[WHAT YOU SHOULD DO]
What is the number of lines in the records that contain "Extents"? Give only that number.

[RECORDS]
--- START ---

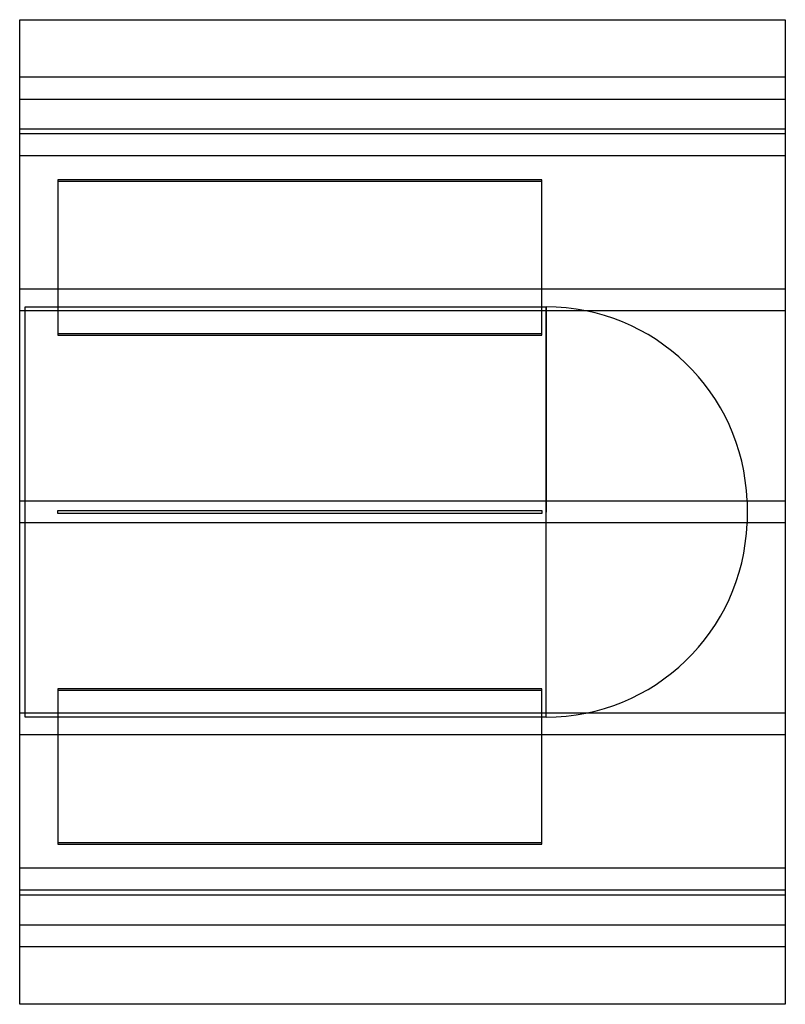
# Model space of a CAD drawing. Header units: millimetres. Extents: x -280 to 280, y -360 to 360.
import ezdxf

# ---------------------------------------------------------------- set-up
doc = ezdxf.new("R2010")
doc.units = ezdxf.units.MM
doc.layers.add('HIDDEN', color=7, linetype='Continuous')
doc.layers.add('THICK', color=7, linetype='Continuous')

msp = doc.modelspace()

# ---------------------------------------------------------------- linework, layer by layer
at = {"layer": 'HIDDEN'}
for p, q in [((280, 318), (-280, 318)), ((-280, 302), (280, 302)), ((280, 280), (-280, 280)), ((280, 276.47), (-280, 276.47)), ((280, 276.47), (-280, 276.47)), ((280, 260.47), (-280, 260.47)), ((280, 260.47), (-280, 260.47)), ((102, 242.99), (-252, 242.99)), ((-252, 242.99), (-252, 241.99)), ((-252, 241.99), (102, 241.99)), ((-252, 241.99), (-252, 129.4)), ((102, 241.99), (102, 242.99)), ((102, 129.4), (102, 241.99)), ((280, 163), (-280, 163)), ((280, 163), (-280, 163)), ((280, 147), (-280, 147)), ((280, 147), (-280, 147)), ((-276, -150), (-276, 150)), ((-276, 150), (105.1, 150)), ((105.1, 150), (105.1, 0)), ((105.1, -150), (105.1, 150)), ((102, 130.4), (-252, 130.4)), ((-252, 129.4), (102, 129.4)), ((280, 8), (-280, 8)), ((280, 8), (-280, 8)), ((252, 8.42), (252, -8.42)), ((-252, -1), (-252, 1)), ((-252, 1), (102, 1)), ((-252, 1), (-252, 1)), ((102, 1), (102, -1)), ((102, 1), (102, 1)), ((102, -1), (-252, -1)), ((-252, -1), (-252, -1)), ((102, -1), (102, -1)), ((105.1, -150), (105.1, 0)), ((280, -8), (-280, -8)), ((280, -8), (-280, -8)), ((102, -129.4), (-252, -129.4)), ((-252, -129.4), (-252, -241.99)), ((102, -241.99), (102, -129.4)), ((-252, -130.4), (102, -130.4)), ((280, -147), (-280, -147)), ((280, -147), (-280, -147)), ((105.1, -150), (-276, -150)), ((280, -163), (-280, -163)), ((280, -163), (-280, -163)), ((102, -241.99), (-252, -241.99)), ((-252, -241.99), (-252, -242.99)), ((-252, -242.99), (102, -242.99)), ((102, -242.99), (102, -241.99)), ((280, -260.47), (-280, -260.47)), ((280, -260.47), (-280, -260.47)), ((280, -276.47), (-280, -276.47)), ((280, -276.47), (-280, -276.47)), ((-280, -280), (280, -280)), ((-280, -302), (280, -302)), ((280, -318), (-280, -318))]:
    msp.add_line(p, q, dxfattribs=at)
for centre, start, end in [((105.1, 3), 2.11353, 89.99998), ((105.1, -3), 270.00002, 357.88647)]:
    msp.add_arc(centre, 147, start, end, dxfattribs=at)
at = {"layer": 'THICK'}
for p, q in [((-280, -360), (-280, 360)), ((-280, 360), (280, 360)), ((280, 360), (280, -360)), ((280, -360), (-280, -360))]:
    msp.add_line(p, q, dxfattribs=at)

doc.saveas('drawing.dxf')
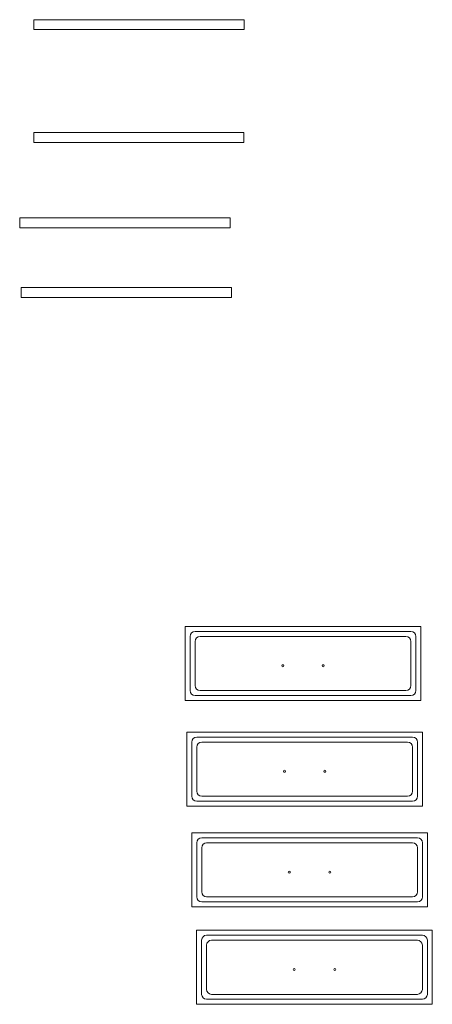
# Model space of a CAD drawing. Header units: millimetres. Extents: x -2066 to 5505, y -2840 to 3131.
# Tile 2 of 4: x 1484 to 2314, y 560 to 2542. Entities that reach past the tile are written whole.
import ezdxf

# ---------------------------------------------------------------- set-up
doc = ezdxf.new("R2010")
doc.units = ezdxf.units.MM

msp = doc.modelspace()

# ---------------------------------------------------------------- linework, layer by layer
at = {"color": 7, "linetype": 'Continuous', "lineweight": 15}
for p, q in [((1512.8, 2542.1), (1512.8, 2522.1)), ((1935.8, 2542.1), (1512.8, 2542.1)), ((1935.8, 2542.1), (1935.8, 2522.1)), ((1935.8, 2522.1), (1512.8, 2522.1)), ((1512.2, 2315.2), (1512.2, 2295.2)), ((1935.2, 2315.2), (1512.2, 2315.2)), ((1935.2, 2315.2), (1935.2, 2295.2)), ((1935.2, 2295.2), (1512.2, 2295.2)), ((1484.1, 2143.4), (1484.1, 2123.4)), ((1907.1, 2143.4), (1484.1, 2143.4)), ((1907.1, 2143.4), (1907.1, 2123.4)), ((1907.1, 2123.4), (1484.1, 2123.4)), ((1487.2, 2002.8), (1487.2, 1982.8)), ((1910.2, 2002.8), (1487.2, 2002.8)), ((1910.2, 2002.8), (1910.2, 1982.8)), ((1910.2, 1982.8), (1487.2, 1982.8)), ((2290.9, 1320.7), (1816.9, 1320.7)), ((1816.9, 1320.7), (1816.9, 1171.7)), ((2270.9, 1310.7), (1836.9, 1310.7)), ((2290.9, 1171.7), (2290.9, 1320.7)), ((1826.9, 1300.7), (1826.9, 1191.7)), ((1836.9, 1290.7), (1836.9, 1201.7)), ((2260.9, 1300.7), (1846.9, 1300.7)), ((2270.9, 1201.7), (2270.9, 1290.7)), ((2280.9, 1191.7), (2280.9, 1300.7)), ((1846.9, 1191.7), (2260.9, 1191.7)), ((1816.9, 1171.7), (2290.9, 1171.7)), ((1836.9, 1181.7), (2270.9, 1181.7)), ((2294.2, 1108), (1820.2, 1108)), ((1820.2, 1108), (1820.2, 959)), ((2274.2, 1098), (1840.2, 1098)), ((2294.2, 959), (2294.2, 1108)), ((1830.2, 1088), (1830.2, 979)), ((1840.2, 1078), (1840.2, 989)), ((2264.2, 1088), (1850.2, 1088)), ((2274.2, 989), (2274.2, 1078)), ((2284.2, 979), (2284.2, 1088)), ((1850.2, 979), (2264.2, 979)), ((1820.2, 959), (2294.2, 959)), ((1840.2, 969), (2274.2, 969)), ((1830.1, 905.3), (1830.1, 756.3)), ((2304.1, 905.3), (1830.1, 905.3)), ((2284.1, 895.3), (1850.1, 895.3)), ((2304.1, 756.3), (2304.1, 905.3)), ((1840.1, 885.3), (1840.1, 776.3)), ((1850.1, 875.3), (1850.1, 786.3)), ((2274.1, 885.3), (1860.1, 885.3)), ((2284.1, 786.3), (2284.1, 875.3)), ((2294.1, 776.3), (2294.1, 885.3)), ((1860.1, 776.3), (2274.1, 776.3)), ((1830.1, 756.3), (2304.1, 756.3)), ((1850.1, 766.3), (2284.1, 766.3)), ((2314, 709.2), (1840, 709.2)), ((1840, 709.2), (1840, 560.2)), ((2294, 699.2), (1860, 699.2)), ((2314, 560.2), (2314, 709.2)), ((1850, 689.2), (1850, 580.2)), ((1860, 679.2), (1860, 590.2)), ((2284, 689.2), (1870, 689.2)), ((2294, 590.2), (2294, 679.2)), ((2304, 580.2), (2304, 689.2)), ((1870, 580.2), (2284, 580.2)), ((1840, 560.2), (2314, 560.2)), ((1860, 570.2), (2294, 570.2))]:
    msp.add_line(p, q, dxfattribs=at)
for centre in [(2013.2, 1241.8), (2094.6, 1241.8), (2016.5, 1029.2), (2097.9, 1029.2), (2026.4, 826.4), (2107.8, 826.4), (2036.2, 630.3), (2117.7, 630.3)]:
    msp.add_circle(centre, 2, dxfattribs=at)
for centre, start, end in [((1836.9, 1300.7), 90, 180), ((2270.9, 1300.7), 360, 90), ((1846.9, 1290.7), 90, 180), ((2260.9, 1290.7), 0, 90), ((1836.9, 1191.7), 180, 270), ((1846.9, 1201.7), 180, 270), ((2260.9, 1201.7), 270, 0), ((2270.9, 1191.7), 270, 0), ((1840.2, 1088), 90, 180), ((2274.2, 1088), 0, 90), ((1850.2, 1078), 90, 180), ((2264.2, 1078), 0, 90), ((1840.2, 979), 180, 270), ((1850.2, 989), 180, 270), ((2264.2, 989), 270, 0), ((2274.2, 979), 270, 0), ((1850.1, 885.3), 90, 180), ((2284.1, 885.3), 0, 90), ((1860.1, 875.3), 90, 180), ((2274.1, 875.3), 0, 90), ((1850.1, 776.3), 180, 270), ((1860.1, 786.3), 180, 270), ((2274.1, 786.3), 270, 0), ((2284.1, 776.3), 270, 0), ((1860, 689.2), 90, 180), ((2294, 689.2), 0, 90), ((1870, 679.2), 90, 180), ((2284, 679.2), 0, 90), ((1860, 580.2), 180, 270), ((1870, 590.2), 180, 270), ((2284, 590.2), 270, 0), ((2294, 580.2), 270, 0)]:
    msp.add_arc(centre, 10, start, end, dxfattribs=at)

doc.saveas('drawing.dxf')

--- END ---

[RESPONSE AREA]
2